EXERCISE DIRECTIONS: Beneath this task are records; count how many lines include the string "forward" and answer with that number alone.

**** LISTED ENTRIES ****

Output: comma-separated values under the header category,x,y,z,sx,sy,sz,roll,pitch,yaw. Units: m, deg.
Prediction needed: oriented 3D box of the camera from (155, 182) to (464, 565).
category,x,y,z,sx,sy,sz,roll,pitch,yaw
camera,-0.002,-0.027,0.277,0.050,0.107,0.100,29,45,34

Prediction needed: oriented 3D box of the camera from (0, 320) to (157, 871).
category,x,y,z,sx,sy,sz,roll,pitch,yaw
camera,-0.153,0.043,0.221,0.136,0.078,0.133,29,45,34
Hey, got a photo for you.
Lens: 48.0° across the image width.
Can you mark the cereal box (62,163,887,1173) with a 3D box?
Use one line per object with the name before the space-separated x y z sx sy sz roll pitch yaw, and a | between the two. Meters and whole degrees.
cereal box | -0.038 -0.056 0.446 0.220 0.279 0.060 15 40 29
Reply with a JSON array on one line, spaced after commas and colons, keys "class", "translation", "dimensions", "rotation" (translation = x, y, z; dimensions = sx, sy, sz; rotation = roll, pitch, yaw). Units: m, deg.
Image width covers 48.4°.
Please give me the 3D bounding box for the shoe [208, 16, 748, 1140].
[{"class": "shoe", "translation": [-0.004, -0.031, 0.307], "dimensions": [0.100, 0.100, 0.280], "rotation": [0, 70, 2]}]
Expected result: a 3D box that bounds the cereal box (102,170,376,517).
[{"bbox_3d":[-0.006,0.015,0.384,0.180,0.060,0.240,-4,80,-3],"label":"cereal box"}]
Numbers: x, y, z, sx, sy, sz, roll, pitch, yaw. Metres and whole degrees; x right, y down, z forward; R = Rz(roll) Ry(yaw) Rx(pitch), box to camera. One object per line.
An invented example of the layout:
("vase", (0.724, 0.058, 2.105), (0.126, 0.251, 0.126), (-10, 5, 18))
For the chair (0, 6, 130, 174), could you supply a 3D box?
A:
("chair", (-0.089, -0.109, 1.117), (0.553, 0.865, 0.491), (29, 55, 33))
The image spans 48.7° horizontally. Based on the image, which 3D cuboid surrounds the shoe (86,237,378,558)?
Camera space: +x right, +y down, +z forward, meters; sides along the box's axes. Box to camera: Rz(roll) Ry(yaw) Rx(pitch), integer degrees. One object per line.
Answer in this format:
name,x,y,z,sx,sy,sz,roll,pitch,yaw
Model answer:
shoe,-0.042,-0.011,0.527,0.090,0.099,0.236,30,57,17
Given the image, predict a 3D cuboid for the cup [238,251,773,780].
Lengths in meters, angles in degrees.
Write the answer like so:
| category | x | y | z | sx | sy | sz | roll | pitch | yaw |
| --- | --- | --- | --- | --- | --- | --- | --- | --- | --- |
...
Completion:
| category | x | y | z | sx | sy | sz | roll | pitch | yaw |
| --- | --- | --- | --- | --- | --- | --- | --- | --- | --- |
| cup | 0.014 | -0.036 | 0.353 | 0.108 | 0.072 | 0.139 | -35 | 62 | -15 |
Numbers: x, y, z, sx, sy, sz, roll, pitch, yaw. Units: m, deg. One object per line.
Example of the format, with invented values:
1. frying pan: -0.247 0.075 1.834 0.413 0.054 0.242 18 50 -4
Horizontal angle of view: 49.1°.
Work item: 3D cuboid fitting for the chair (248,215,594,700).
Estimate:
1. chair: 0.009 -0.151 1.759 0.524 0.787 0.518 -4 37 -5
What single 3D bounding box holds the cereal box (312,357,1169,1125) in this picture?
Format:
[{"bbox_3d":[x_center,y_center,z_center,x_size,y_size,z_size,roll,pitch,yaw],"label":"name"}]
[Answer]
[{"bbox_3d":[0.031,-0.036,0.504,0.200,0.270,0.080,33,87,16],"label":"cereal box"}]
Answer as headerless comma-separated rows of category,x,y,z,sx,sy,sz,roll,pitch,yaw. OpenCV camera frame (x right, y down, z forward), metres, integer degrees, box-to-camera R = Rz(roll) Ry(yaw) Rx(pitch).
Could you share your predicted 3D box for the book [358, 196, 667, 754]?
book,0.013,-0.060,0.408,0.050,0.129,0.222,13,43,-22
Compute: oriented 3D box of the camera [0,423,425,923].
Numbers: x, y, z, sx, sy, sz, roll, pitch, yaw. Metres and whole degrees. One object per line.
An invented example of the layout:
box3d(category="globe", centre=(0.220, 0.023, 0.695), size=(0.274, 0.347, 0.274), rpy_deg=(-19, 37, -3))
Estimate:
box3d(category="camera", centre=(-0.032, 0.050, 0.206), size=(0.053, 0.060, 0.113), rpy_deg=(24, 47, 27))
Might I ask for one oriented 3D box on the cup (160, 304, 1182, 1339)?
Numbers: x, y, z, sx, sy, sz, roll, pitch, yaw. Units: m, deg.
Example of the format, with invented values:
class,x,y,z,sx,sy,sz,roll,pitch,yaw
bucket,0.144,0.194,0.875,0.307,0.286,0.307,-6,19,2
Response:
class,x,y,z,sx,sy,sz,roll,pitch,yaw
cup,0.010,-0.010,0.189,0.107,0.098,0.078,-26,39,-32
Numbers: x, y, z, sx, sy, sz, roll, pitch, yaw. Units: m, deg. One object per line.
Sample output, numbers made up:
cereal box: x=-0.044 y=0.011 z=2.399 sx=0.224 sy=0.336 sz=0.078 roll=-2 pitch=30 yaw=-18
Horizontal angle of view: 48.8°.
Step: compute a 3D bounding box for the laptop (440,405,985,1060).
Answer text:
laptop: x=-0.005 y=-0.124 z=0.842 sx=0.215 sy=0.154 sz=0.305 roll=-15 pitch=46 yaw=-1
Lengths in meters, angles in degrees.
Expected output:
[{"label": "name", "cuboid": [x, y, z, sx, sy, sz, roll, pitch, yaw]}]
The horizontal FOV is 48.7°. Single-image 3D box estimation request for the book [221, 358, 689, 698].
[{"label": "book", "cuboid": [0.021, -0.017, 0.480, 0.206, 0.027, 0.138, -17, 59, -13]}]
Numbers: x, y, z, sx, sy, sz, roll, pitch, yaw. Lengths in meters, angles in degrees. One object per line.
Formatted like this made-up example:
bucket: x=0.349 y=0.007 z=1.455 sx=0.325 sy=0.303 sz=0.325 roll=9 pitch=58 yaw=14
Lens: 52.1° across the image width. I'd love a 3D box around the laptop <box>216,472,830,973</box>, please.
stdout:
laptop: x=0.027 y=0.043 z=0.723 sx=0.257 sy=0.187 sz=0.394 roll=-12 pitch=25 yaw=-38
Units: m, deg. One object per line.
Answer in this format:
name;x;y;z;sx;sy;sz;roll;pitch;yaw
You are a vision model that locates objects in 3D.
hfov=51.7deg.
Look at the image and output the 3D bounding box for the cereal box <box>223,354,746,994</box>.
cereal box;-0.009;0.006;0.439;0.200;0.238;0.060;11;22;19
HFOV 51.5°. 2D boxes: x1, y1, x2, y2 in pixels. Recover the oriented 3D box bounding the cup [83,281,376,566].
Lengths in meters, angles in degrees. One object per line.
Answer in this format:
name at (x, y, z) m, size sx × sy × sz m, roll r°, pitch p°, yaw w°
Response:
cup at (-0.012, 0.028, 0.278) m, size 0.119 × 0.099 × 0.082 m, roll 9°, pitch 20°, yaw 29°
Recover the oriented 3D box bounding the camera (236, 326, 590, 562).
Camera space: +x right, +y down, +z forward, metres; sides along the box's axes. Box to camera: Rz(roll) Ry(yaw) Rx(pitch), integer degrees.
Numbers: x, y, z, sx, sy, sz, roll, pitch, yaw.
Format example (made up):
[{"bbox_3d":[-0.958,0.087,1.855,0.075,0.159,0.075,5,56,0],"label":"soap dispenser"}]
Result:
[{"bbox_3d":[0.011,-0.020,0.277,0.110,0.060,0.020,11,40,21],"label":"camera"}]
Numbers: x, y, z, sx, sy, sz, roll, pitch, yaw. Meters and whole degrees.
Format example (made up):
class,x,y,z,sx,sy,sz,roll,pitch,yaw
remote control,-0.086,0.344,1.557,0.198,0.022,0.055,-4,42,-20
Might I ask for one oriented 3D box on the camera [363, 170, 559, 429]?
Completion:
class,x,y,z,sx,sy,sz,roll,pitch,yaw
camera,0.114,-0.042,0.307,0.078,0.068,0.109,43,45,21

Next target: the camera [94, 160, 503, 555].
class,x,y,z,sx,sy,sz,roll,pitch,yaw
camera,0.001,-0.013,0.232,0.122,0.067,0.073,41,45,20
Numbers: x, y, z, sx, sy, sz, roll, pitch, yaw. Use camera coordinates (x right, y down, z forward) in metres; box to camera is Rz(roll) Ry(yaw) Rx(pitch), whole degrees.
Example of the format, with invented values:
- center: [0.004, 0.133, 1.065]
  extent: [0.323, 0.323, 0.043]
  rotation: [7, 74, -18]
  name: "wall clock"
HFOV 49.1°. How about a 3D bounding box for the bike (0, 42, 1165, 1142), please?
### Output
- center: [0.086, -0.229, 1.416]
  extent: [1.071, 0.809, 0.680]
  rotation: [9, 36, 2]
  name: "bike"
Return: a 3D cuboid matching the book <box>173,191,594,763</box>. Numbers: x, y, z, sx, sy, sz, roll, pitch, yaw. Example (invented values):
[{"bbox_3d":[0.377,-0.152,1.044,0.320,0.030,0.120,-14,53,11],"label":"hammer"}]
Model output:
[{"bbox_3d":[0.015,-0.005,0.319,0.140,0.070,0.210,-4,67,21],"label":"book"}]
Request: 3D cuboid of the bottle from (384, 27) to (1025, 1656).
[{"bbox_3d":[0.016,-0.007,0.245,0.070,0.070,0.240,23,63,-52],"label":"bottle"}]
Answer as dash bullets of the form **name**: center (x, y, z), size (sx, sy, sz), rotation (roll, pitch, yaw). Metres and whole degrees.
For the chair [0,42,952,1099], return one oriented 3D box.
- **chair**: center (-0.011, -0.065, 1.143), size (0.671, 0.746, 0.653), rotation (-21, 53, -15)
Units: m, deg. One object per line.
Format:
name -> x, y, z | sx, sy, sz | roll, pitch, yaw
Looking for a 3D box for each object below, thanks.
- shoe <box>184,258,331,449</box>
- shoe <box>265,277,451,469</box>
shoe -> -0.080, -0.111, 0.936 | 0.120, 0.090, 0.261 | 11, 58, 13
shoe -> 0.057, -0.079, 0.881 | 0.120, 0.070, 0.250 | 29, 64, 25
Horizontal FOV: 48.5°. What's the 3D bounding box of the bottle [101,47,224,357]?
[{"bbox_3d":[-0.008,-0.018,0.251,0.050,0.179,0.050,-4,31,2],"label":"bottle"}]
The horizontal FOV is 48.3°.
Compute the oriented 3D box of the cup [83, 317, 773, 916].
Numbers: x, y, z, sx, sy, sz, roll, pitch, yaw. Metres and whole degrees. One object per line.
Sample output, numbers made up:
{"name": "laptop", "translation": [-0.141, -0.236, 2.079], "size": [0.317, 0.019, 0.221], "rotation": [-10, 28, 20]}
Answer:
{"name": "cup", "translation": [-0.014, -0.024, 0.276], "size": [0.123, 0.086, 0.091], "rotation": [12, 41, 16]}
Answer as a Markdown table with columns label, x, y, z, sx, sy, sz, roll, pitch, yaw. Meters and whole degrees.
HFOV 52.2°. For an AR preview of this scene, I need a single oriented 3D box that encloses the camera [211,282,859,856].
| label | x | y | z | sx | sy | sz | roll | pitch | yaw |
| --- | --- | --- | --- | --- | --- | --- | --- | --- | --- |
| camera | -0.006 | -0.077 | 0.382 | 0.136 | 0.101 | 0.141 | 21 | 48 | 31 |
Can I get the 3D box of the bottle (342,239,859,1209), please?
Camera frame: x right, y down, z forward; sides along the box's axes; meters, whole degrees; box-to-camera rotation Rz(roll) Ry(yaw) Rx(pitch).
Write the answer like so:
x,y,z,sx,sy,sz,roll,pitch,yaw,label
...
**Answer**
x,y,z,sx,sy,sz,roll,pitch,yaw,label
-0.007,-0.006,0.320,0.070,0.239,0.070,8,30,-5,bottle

****

EXERCISE RESULT: 6